The 1662 Book of Common Prayer, International Edition is set for release in January 2021, published by IVP. This lightly-updated text of the classic prayer book has been edited by Samuel L. Bray and Drew N. Keane. The editors were gracious to engage with me in a written interview, discussing the forthcoming volume.
Can you briefly share about your background and connection with Anglicanism?
DNK: My connection with Anglicanism began when a friend in high school invited me to visit her church, The Episcopal Church of the Ascension in Cartersville, GA. The Book of Common Prayer (1979) caught hold of me with its language and the very idea of set prayers, which I had never experienced before. In undergrad, while studying literature and Bible, I began to use the BCP 1979 for Morning and Evening Prayer with a small group of guys in my dorm. There I discovered the BCP 1928. I found that what I loved most about the 1979 were not those things unique to it, but those things it carried forward. As a graduate student at Georgia Southern, I began attending a 1928 Prayer Book parish, St. John’s Church in Savannah, where I formally became Episcopalian. There, with the invaluable support of the Rev. Gavin Dunbar, my interest in the Prayer Book only deepened. Once again, I discovered that what was best about the 1928 were not those things unique to it, but what it carried forward from the classic Book of Common Prayer, the 1662. In 2012, by a surprising turn of providence, I was appointed to the Standing Commission on Liturgy and Music, on which I served until 2018. Working with brilliant scholars and musicians, I learned a great deal about the study and crafting of liturgy, and that, in turn, influenced my scholarship. Through all of that, I became convinced of the continuing vitality of the 1662 Prayer Book.
SLB: My first exposure to the Prayer Book came during graduate school, when a housemate gave me a copy of the Book of Common Prayer (1979) and a book of sermons by Charles Simeon. Within a couple years I had started reading and using the classic prayer books, and one especially formative volume for me was John Booty’s Folger edition of the BCP 1559. In the subsequent decade and a half, my family and I have lived in six cities (the academic life can be an itinerant one), and in several I have been a member of an Anglican church of one stripe or another, as well as a churchwarden, most recently in the Anglican Diocese of the Living Word. The BCP 1662 has been at the heart of my devotional life for about a decade and a half.
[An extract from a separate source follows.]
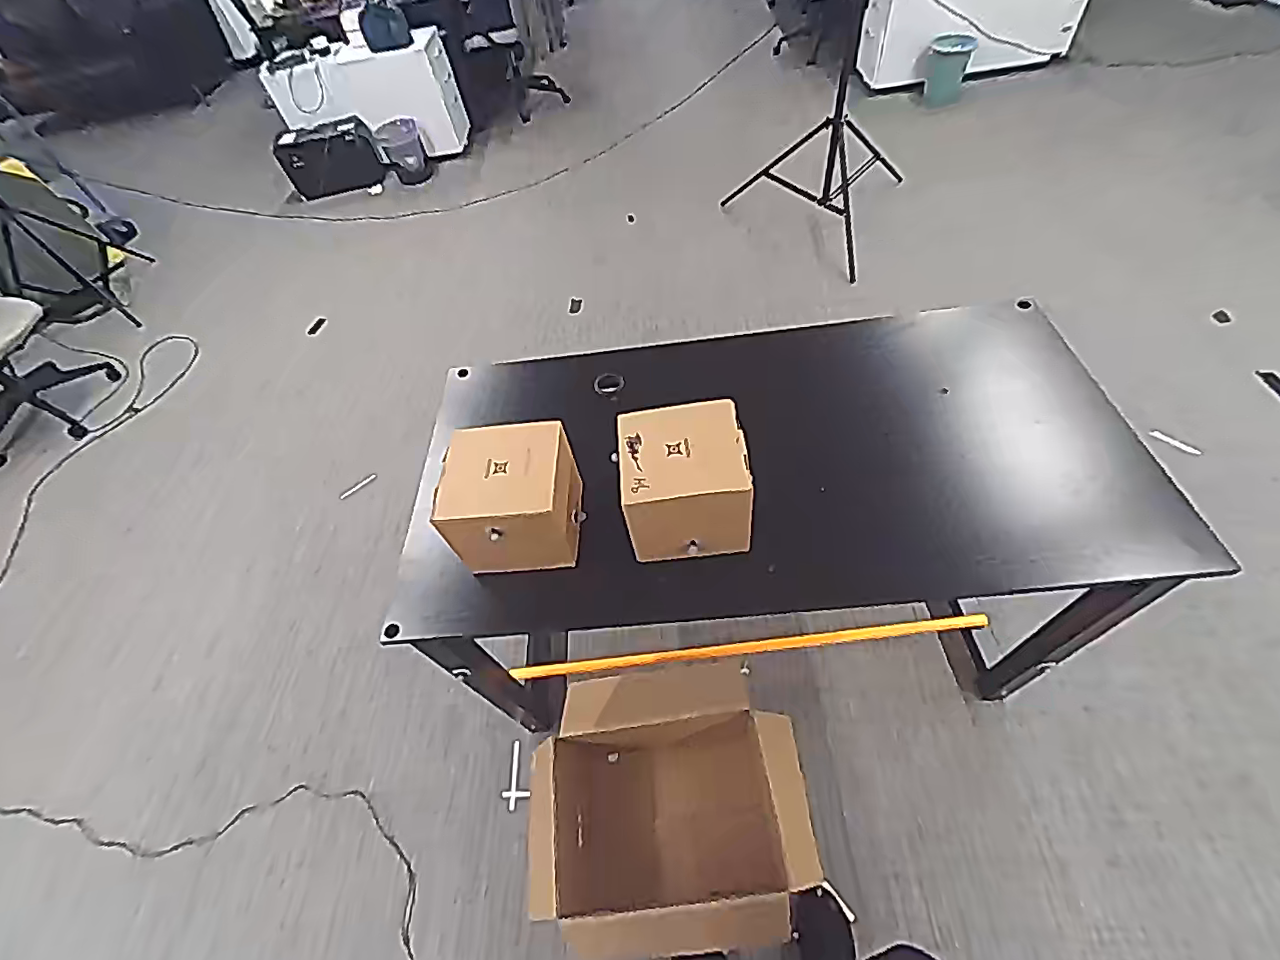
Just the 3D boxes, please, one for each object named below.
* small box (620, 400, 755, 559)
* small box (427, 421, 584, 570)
[{"bbox_3d":[0.067,0.004,0.815,0.179,0.176,0.168,-7,53,3],"label":"small box"},{"bbox_3d":[-0.194,0.030,0.836,0.179,0.176,0.168,-4,54,5],"label":"small box"}]

Why do you think the 1662 Book of Common Prayer continues to endure as a tool for worship?
DNK: One significant reason for the 1662’s endurance is that it was designed to be heard. Public oratory was prevalent in early modern culture. The bulk of the 1662 derives from the work of Thomas Cranmer and Miles Coverdale more than a century earlier. Cranmer translated or wrote most of the liturgical “script,” while Coverdale translated the Psalter and many of the other biblical texts incorporated into the liturgy (for example, “the comfortable words”).
Well attuned to the art of rhetoric, they crafted English to attract attention and aid both comprehension and memorability. Rhythm and reiteration are carefully employed, aural features particularly familiar to students of music. If you’ve ever found you know the lyrics to a song despite never having tried to memorize them, you know the effectiveness of these devices. That is not to say that the Prayer Book is lyrical — no, it is prose — but it is crafted with the same level of attention to rhythmic and repeating patterns.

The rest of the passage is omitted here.